There are no grand stud farms, DNA manipulation or special breeding techniques for this amateur cattle breeder who feels love on both sides is behind her success in the show ring. 

It must be working. Ms Hunder, who leases a small property at Balnarring, won the supreme champion at the All Breeds Beef Classic at Red Hill Show over the Labour Day weekend with her miniature Scottish Galloway Torcroft Sylvia.

Nicknamed the “Animal Whisperer” by friend Bob Bates, Ms Hunder, 74, is a vegetarian and a cattle breeder – “perhaps the only one in Australia”.

She has been entering the breed at the show for the past 14 years and loves the competition. 

“I started out aged 57 looking to buy some animals to keep the grass down at Balnarring, such as ostriches, emus, or alpacas, before settling on two miniature Scottish Galloway cows to start a herd,” she said.  

Both cows were pregnant – one with a bull which launched Ms Hunder’s cattle breeding and showing career. “The lawnmower man said he was beautiful and that I should show him,” she said. 

Ms Hunder, who admits to “not knowing the front of a cow from the back” in the early days, enrolled in a cattle handlers’ course at the Melbourne Showgrounds and learned to prepare and lead show exhibits in the ring. 

Confidently, she entered her six-month-old miniature bull at the 2003 Red Hill Show, but success was still far away. “It was a tiny little thing and the judges laughed and I left the ring in tears.”

But, watching on, a wise old breeder from Balnarring saw potential. He suggested she enter the Royal Melbourne Show, which was only three months away. She took his advice, and the more-mature bull was judged grand champion.

“He won everything there,” she said. “He beat 37 other miniatures.”

More importantly, Ms Hunder admits she was “hooked” on the experience. 

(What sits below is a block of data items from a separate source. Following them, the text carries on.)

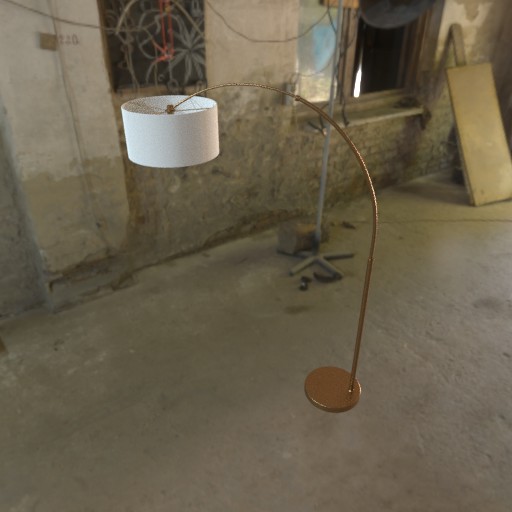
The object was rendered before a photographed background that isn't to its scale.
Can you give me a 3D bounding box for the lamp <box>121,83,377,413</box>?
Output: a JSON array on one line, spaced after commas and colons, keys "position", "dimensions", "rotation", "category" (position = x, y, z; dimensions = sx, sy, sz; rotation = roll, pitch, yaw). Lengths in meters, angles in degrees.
[{"position": [0.000, 0.000, 2.628], "dimensions": [1.434, 1.927, 0.493], "rotation": [8, 31, 14], "category": "lamp"}]
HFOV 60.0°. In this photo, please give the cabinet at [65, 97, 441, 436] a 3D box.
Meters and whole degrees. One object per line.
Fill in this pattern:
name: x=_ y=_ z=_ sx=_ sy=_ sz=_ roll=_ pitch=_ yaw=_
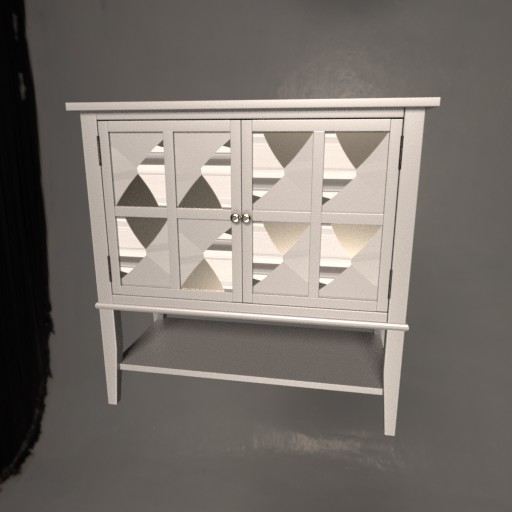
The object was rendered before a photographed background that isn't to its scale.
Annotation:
cabinet: x=0.000 y=0.000 z=1.216 sx=0.801 sy=0.780 sz=0.396 roll=3 pitch=15 yaw=10
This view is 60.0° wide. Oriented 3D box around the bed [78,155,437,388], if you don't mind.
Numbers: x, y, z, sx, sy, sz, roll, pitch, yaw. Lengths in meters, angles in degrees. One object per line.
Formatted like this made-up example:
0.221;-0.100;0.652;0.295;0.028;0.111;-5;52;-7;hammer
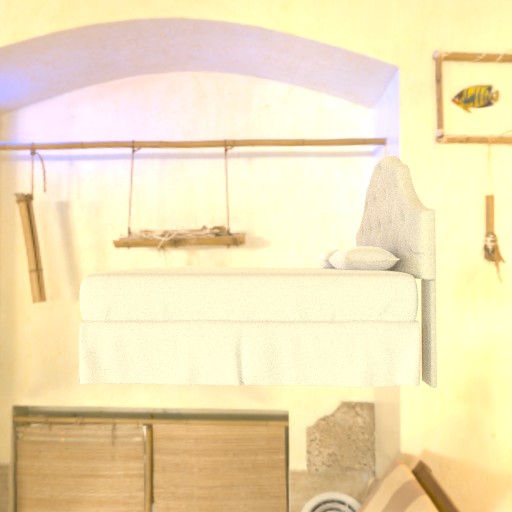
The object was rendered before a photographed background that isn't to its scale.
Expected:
0.000;0.000;3.665;2.214;1.615;2.008;0;-1;1;bed
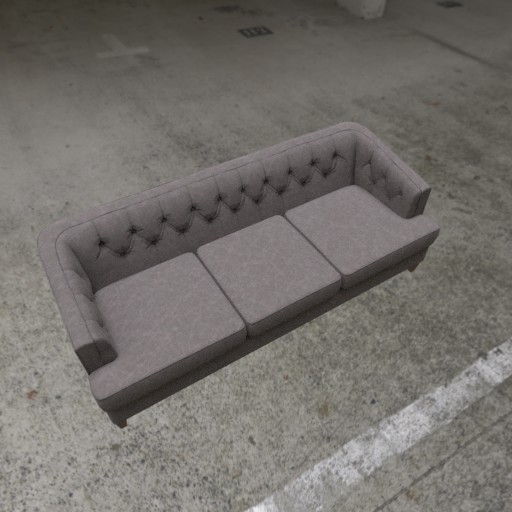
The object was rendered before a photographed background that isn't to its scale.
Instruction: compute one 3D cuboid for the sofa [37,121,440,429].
[{"bbox_3d":[0.000,0.000,2.698,2.247,0.806,0.917,-24,51,-21],"label":"sofa"}]
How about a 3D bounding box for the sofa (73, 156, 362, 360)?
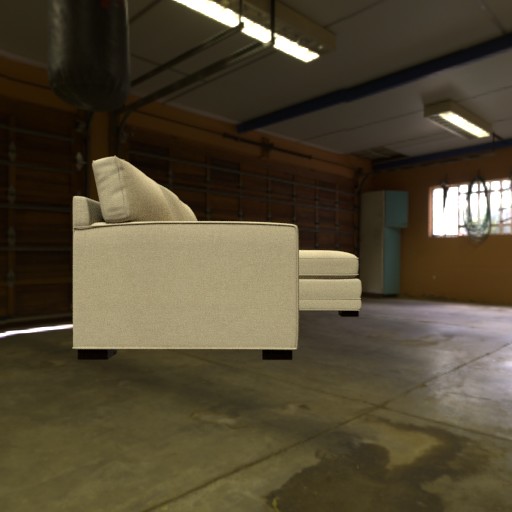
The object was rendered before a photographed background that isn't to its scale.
[{"bbox_3d":[0.000,0.000,2.846,1.496,0.861,2.087,0,0,0],"label":"sofa"}]
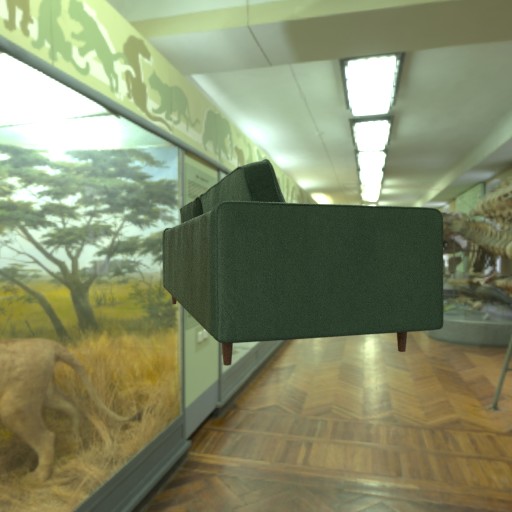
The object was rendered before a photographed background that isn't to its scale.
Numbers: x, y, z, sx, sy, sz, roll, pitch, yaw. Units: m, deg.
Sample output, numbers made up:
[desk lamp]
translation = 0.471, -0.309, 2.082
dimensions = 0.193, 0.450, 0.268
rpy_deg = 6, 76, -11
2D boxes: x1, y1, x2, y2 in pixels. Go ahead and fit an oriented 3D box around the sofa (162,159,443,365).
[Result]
[sofa]
translation = 0.000, 0.000, 2.631
dimensions = 0.918, 0.769, 2.199
rpy_deg = 0, 1, -16
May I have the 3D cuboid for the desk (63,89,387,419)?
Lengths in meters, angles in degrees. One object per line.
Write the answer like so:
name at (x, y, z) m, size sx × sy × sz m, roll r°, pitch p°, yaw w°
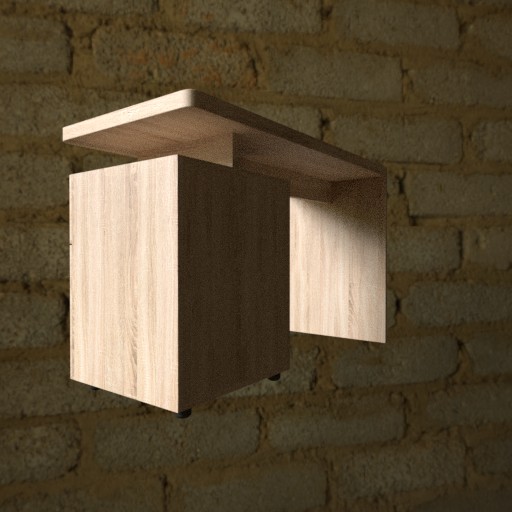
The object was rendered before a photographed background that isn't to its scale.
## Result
desk at (0.000, 0.000, 1.625) m, size 0.550 × 0.760 × 1.200 m, roll 1°, pitch 1°, yaw 37°
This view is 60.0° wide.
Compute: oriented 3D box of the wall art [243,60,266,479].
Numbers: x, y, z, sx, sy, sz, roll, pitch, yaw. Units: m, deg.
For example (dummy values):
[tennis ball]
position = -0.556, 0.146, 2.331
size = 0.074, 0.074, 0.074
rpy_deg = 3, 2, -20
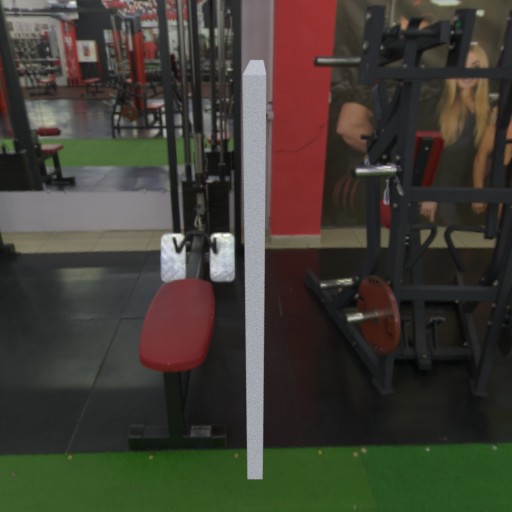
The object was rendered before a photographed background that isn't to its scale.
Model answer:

While struggling at times, especially after she split from her husband and moved to Dromana intending to sell off her cattle, Ms Hunder realised she loved them too much and kept them at Balnarring, driving over every day to feed them.

A few years later she bought a small holding at Bittern to keep an eye on her pregnant cows before putting them out with the main herd on an agistment property at Balnarring.

Living day-to-day off the farm, mainly “on chook eggs and veggies”, she was content in knowing her animals were being well cared for.

“I know nothing about genetics or even feeding for the show ring, but my cattle are raised with love,” she said. “Each animal knows its name and comes when called. They know they will never be killed for meat. When they are old they will go to the palliative care paddock where they’ll be looked after until the end, as a thank you for the calves they have produced and the pleasure they have brought me.”

Ms Hunder’s cattle are sold only to other miniature Galloway breeders to improve the quality of their stock, or to small holdings on the Mornington Peninsula where the cute pets keep the grass down. 

“All my animals are able to be led with a halter and they must all walk on and off a float or trailer without fuss as I have to manage them on my own,” she said.

“I have been going to Red Hill Show for the past 14 years and often my cattle are overlooked by the judges because they are smaller than other breeds.

“So, to win supreme beef exhibit of the Red Hill Show, and to lead the grand parade with my seven-year-old Sylvia, was a very exciting experience.”